Arm Drift (shoulder / wrist) Inner Speed (full sweep) Status
Franka Emika Panda non-SRS by design tier-0 inner (reversed:spherical_two_parallel) 29.27 ± 2.81 ms / 8-124 sols / FK 1e-6 ssik.prebuilt.franka_panda_ik
uFactory xArm7 non-SRS by design tier-0 inner (reversed:spherical) 37.10 ± 0.49 ms / 56-64 sols / FK 4e-11 ssik.prebuilt.xarm7_ik
Flexiv Rizon 4 65 mm / 151 mm cached-RR (HP otherwise) 30.58 ± 8.58 ms / 10-60 sols / FK 4e-9 ssik.prebuilt.rizon4_ik
Flexiv Rizon 10 (~1.4 m reach) 65 mm / 151 mm cached-RR (HP otherwise) 29.43 ± 6.37 ms / 10-64 sols / FK 6e-8 ssik.prebuilt.rizon10_ik
Kassow KR810 86 mm / 111 mm cached-RR (HP otherwise) 27.52 ± 10.71 ms / 10-38 sols / FK 7e-8 ssik.prebuilt.kassow_kr810_ik
Sawyer / Baxter (Rethink) likely non-SRS TBD expected ~30-50 ms 🔗

Mean vs median: both 30 ms and ~17 ms are honest measurements of the same prebuilt — the canonical bench reports mean ± 95% CI, an earlier per-pose measurement reported median. Verified 2026-05-13 on Rizon 4 with the canonical pose distribution: mean 28.7 ms / median 19 ms / p95 62 ms / min 16.4 ms. The cached-RR fast path is firing on most poses; mean is dragged up by occasional near-singular configurations where the lock-sweep can't short-circuit.

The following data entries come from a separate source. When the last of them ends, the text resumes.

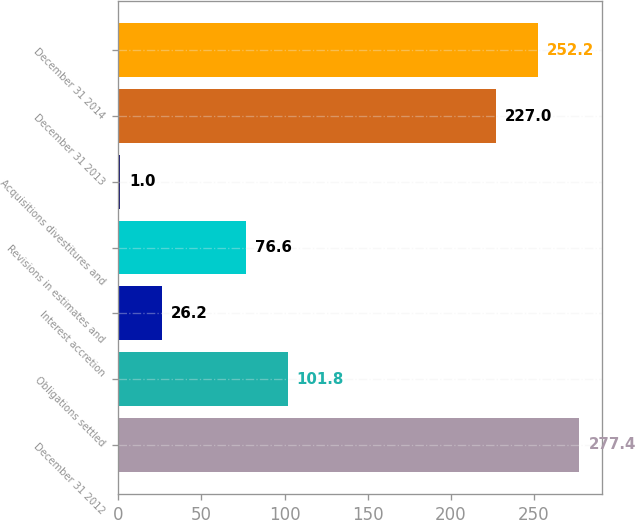<chart> <loc_0><loc_0><loc_500><loc_500><bar_chart><fcel>December 31 2012<fcel>Obligations settled<fcel>Interest accretion<fcel>Revisions in estimates and<fcel>Acquisitions divestitures and<fcel>December 31 2013<fcel>December 31 2014<nl><fcel>277.4<fcel>101.8<fcel>26.2<fcel>76.6<fcel>1<fcel>227<fcel>252.2<nl></chart> 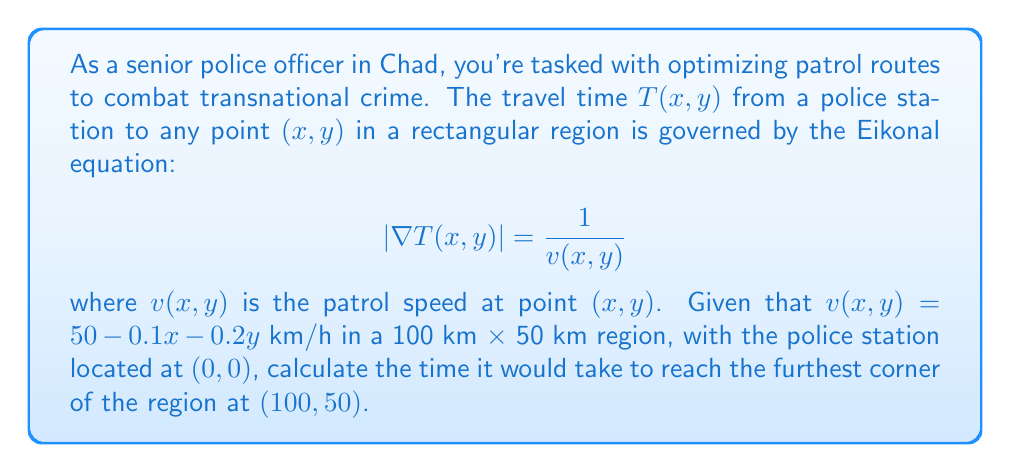Give your solution to this math problem. To solve this problem, we need to integrate the reciprocal of the velocity along the optimal path. The Eikonal equation ensures that we're considering the fastest possible route.

1) First, let's consider the path. The optimal path in this case is a straight line from $(0,0)$ to $(100,50)$, as the velocity function is continuous and monotonically decreasing in both $x$ and $y$.

2) We can parametrize this path as:
   $x(t) = 100t$, $y(t) = 50t$, where $0 \leq t \leq 1$

3) The velocity along this path is:
   $v(t) = 50 - 0.1(100t) - 0.2(50t) = 50 - 10t - 10t = 50 - 20t$

4) The time taken is the integral of $\frac{1}{v}$ along the path:

   $$T = \int_0^1 \frac{\sqrt{(100)^2 + (50)^2}}{50 - 20t} dt = \frac{\sqrt{12500}}{20} \int_0^1 \frac{1}{2.5 - t} dt$$

5) Evaluating this integral:

   $$T = \frac{\sqrt{12500}}{20} [-\ln(2.5-t)]_0^1 = \frac{\sqrt{12500}}{20} [\ln(2.5) - \ln(1.5)]$$

6) Simplifying:

   $$T = \frac{\sqrt{12500}}{20} \ln(\frac{5}{3}) \approx 2.77 \text{ hours}$$
Answer: The time taken to reach the furthest corner of the region is approximately 2.77 hours. 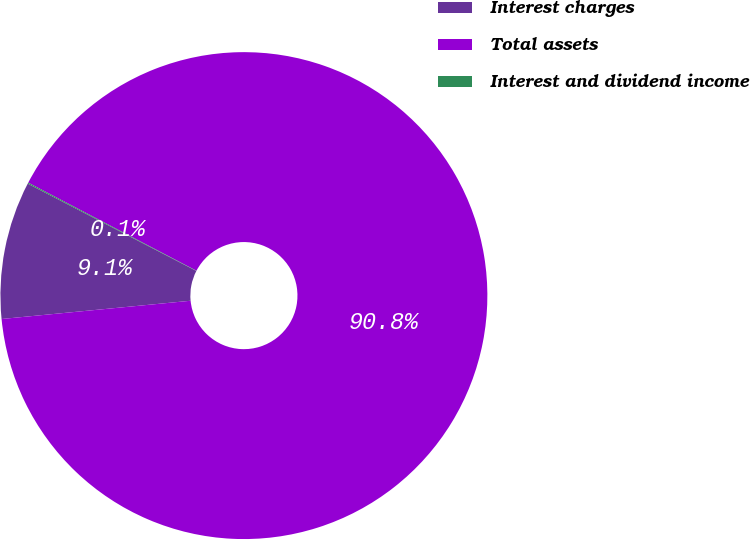Convert chart to OTSL. <chart><loc_0><loc_0><loc_500><loc_500><pie_chart><fcel>Interest charges<fcel>Total assets<fcel>Interest and dividend income<nl><fcel>9.14%<fcel>90.79%<fcel>0.07%<nl></chart> 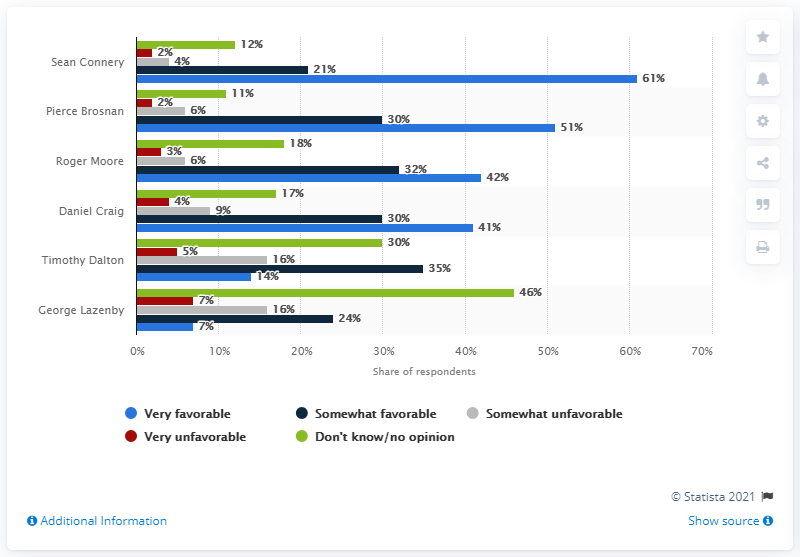Who was the most favorable James Bond actor?
 Sean Connery 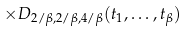<formula> <loc_0><loc_0><loc_500><loc_500>\times D _ { 2 / \beta , 2 / \beta , 4 / \beta } ( t _ { 1 } , \dots , t _ { \beta } )</formula> 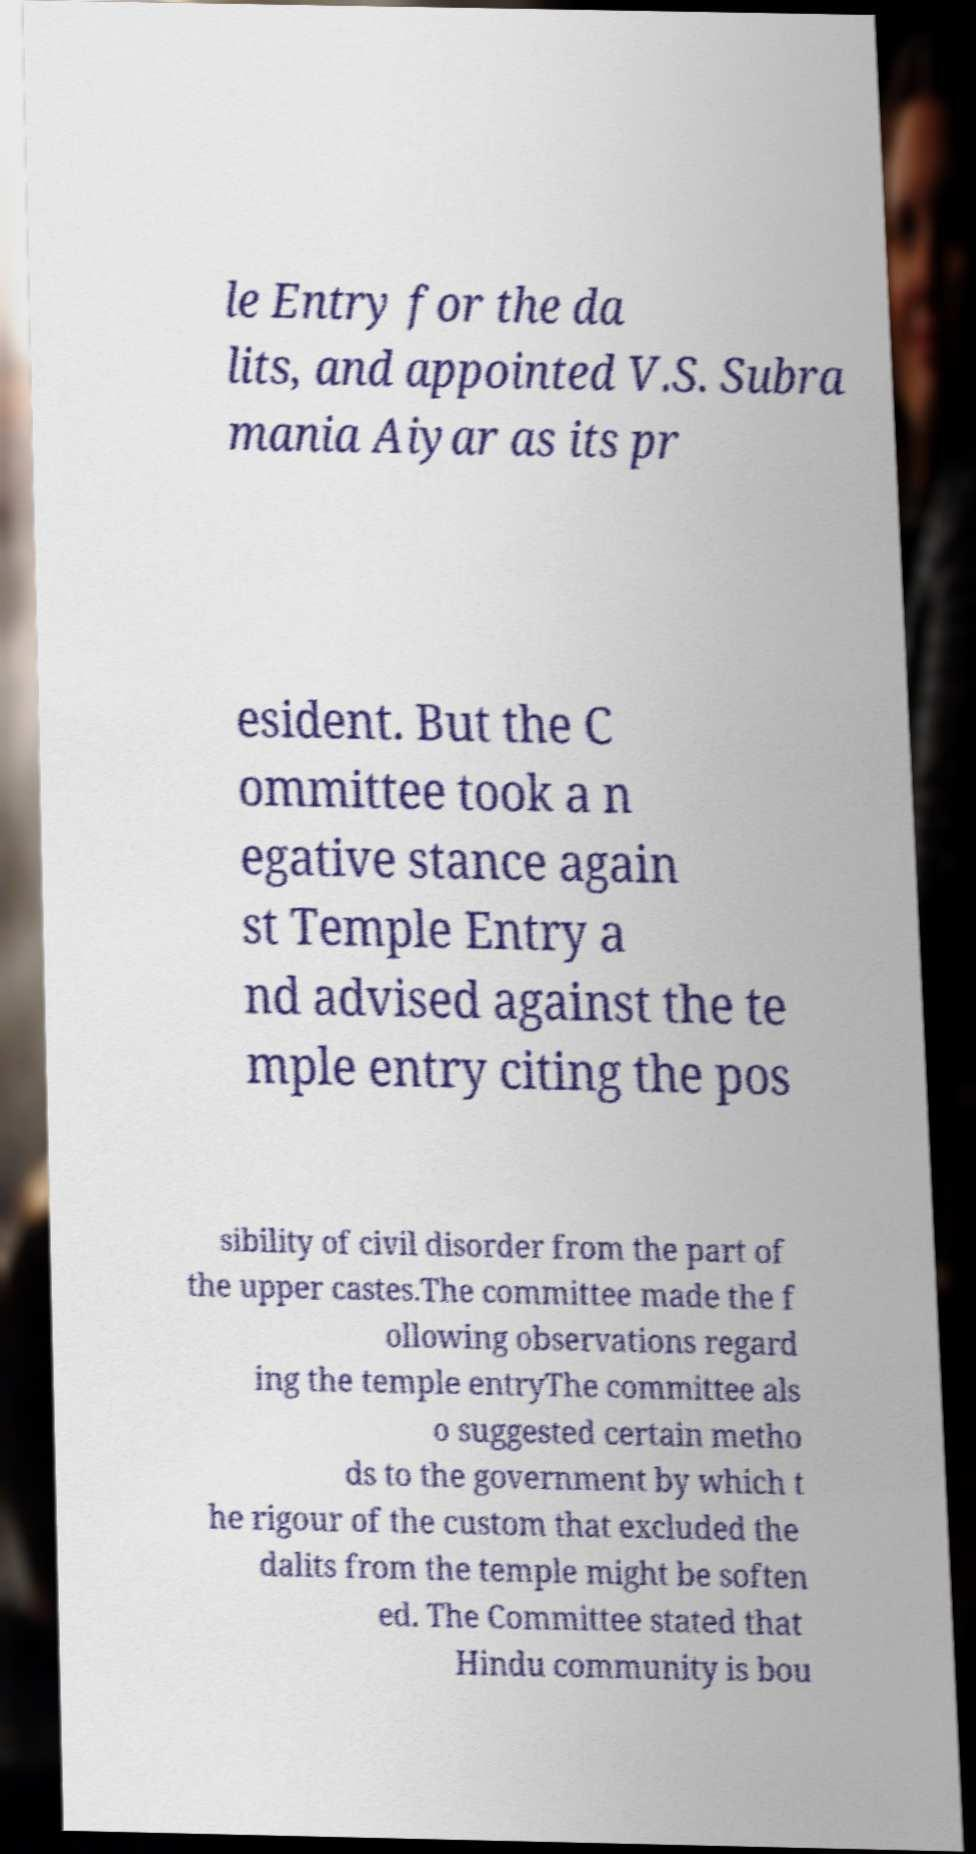What messages or text are displayed in this image? I need them in a readable, typed format. le Entry for the da lits, and appointed V.S. Subra mania Aiyar as its pr esident. But the C ommittee took a n egative stance again st Temple Entry a nd advised against the te mple entry citing the pos sibility of civil disorder from the part of the upper castes.The committee made the f ollowing observations regard ing the temple entryThe committee als o suggested certain metho ds to the government by which t he rigour of the custom that excluded the dalits from the temple might be soften ed. The Committee stated that Hindu community is bou

Worst-case FK floor under adversarial fuzz

The README's EAIK comparison table reports averaged max FK across 100 canonical reachable poses. Under 500-pose Hypothesis fuzz (tests/test_prebuilt_uniform_fuzz.py), worst-case residuals on jointlock 7R arms are materially worse — but only at the default tolerance policy. Investigation (#271) confirmed the floor is set by subproblem_numerical = 1e-5, not a solver bug; opt-in to tight policy + LM polish recovers machine precision.

Arm Solver path Default-policy worst Tight + allow_refinement worst
UR5 ikgeo.three_parallel ~2e-8 (already machine precision)
Puma 560 ikgeo.spherical_two_parallel ~1e-13
JACO 2 ikgeo.general_6r (RR + AE-3) ~1e-5 ~1e-10 (LM polish)
iiwa14 seven_r.srs ~3e-12
Gen3 seven_r.srs_polished ~1e-10
Franka Panda jointlock + reversed:spherical_two_parallel ~5e-6 ~3e-10
Rizon 4 jointlock + cached-RR ~9e-6 ~3e-10
Kassow KR810 jointlock + cached-RR ~6e-6 ~3e-10

Getting machine precision from a jointlock 7R prebuilt

from ssik import TolerancePolicy
from ssik.prebuilt import franka_panda_ik

tight = TolerancePolicy(
    axis_parallel=1e-8,
    axis_intersect=1e-8,
    subproblem_feasibility=1e-9,
    subproblem_numerical=1e-9,         # ← 4 orders tighter than default
    subproblem_degeneracy=1e-12,
    subproblem_dedup=1e-3,
)
sols = franka_panda_ik.solve(T_target, policy=tight, allow_refinement=True)
# every returned IK FK-closes ~1e-10 (machine-precision)

The default policy is deliberately loose (1e-5) for throughput — most users don't need 1e-10. Adversarial workloads (RL, sample-based motion planning, learning from demonstration) should opt in.

Trajectory-tracking speed (max_solutions=1)

For real-time control where you only need one IK per waypoint, max_solutions=1 + q_seed short-circuits the lock-sweep on the first in-limits branch closest to seed. Speedup is roughly proportional to lock-sample count (16 by default on 7R jointlock arms): ~5–10× on 7R, sub-ms on 6R and SRS arms. See the README quickstart for the canonical pattern; per-arm trajectory-tracking benches will land alongside the #236 MINK / TracIK comparison.